Martin ran a hand over his face, exhaling loudly, becoming irritated with the tears. “I should have been able to do more to help them.” “But from the sound of it, you did more than anyone had the right to expect.” “I could’ve found the money to buy her a goddamn dishwasher.” Dr. Hayes tilted her head slightly. “Beg pardon?”
“Mom. I could have . . . look, this isn’t getting us anywhere. I could sit here and come up with shoulda-woulda-coulda’s until we’re both old enough to retire.”

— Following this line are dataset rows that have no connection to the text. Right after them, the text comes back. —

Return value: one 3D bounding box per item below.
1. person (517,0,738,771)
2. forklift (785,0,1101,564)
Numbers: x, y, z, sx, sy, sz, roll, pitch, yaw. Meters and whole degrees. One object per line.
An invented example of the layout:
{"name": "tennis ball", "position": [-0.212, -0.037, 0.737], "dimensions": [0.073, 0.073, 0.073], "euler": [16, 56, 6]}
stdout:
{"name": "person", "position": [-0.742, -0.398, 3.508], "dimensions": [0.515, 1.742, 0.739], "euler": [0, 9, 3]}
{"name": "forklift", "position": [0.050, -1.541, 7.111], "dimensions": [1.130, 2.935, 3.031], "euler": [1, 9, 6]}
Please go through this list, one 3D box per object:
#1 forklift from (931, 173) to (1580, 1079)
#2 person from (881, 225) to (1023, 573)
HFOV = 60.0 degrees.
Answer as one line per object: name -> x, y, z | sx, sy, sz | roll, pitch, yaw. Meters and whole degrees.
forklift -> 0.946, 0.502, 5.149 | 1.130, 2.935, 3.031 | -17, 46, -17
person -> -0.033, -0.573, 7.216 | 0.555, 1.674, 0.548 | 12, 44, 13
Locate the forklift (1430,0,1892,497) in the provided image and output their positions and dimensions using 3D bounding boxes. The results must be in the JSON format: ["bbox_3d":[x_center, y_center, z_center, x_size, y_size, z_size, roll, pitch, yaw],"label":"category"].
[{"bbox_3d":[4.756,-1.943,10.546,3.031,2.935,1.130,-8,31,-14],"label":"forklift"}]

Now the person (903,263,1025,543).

“Since I’ve got all the letters after my name and several degrees hanging in expensive frames on my office walls, could you let me be the judge of that?” “Do you talk to all of your patients this way?” “Only those I watch vomit and buy café mochas for.” “You’re quick.” “And you’re good at evasion.” “It’s a gift.”
“So is compassion, so is intelligence, and so is the desire and ability to create. Let me ask you something, Martin: why is it that someone of your intelligence—and I had a friend check into your records at OSU, I saw your grades, saw that you’d won three separate scholarships, one of them for creative writing, so I know you’re smart, and I know you’re talented—why is it that you never went back to school? Why is it you chose to stay in a profession that—while a good and honorable job—doesn’t challenge you or require any use of your talents?”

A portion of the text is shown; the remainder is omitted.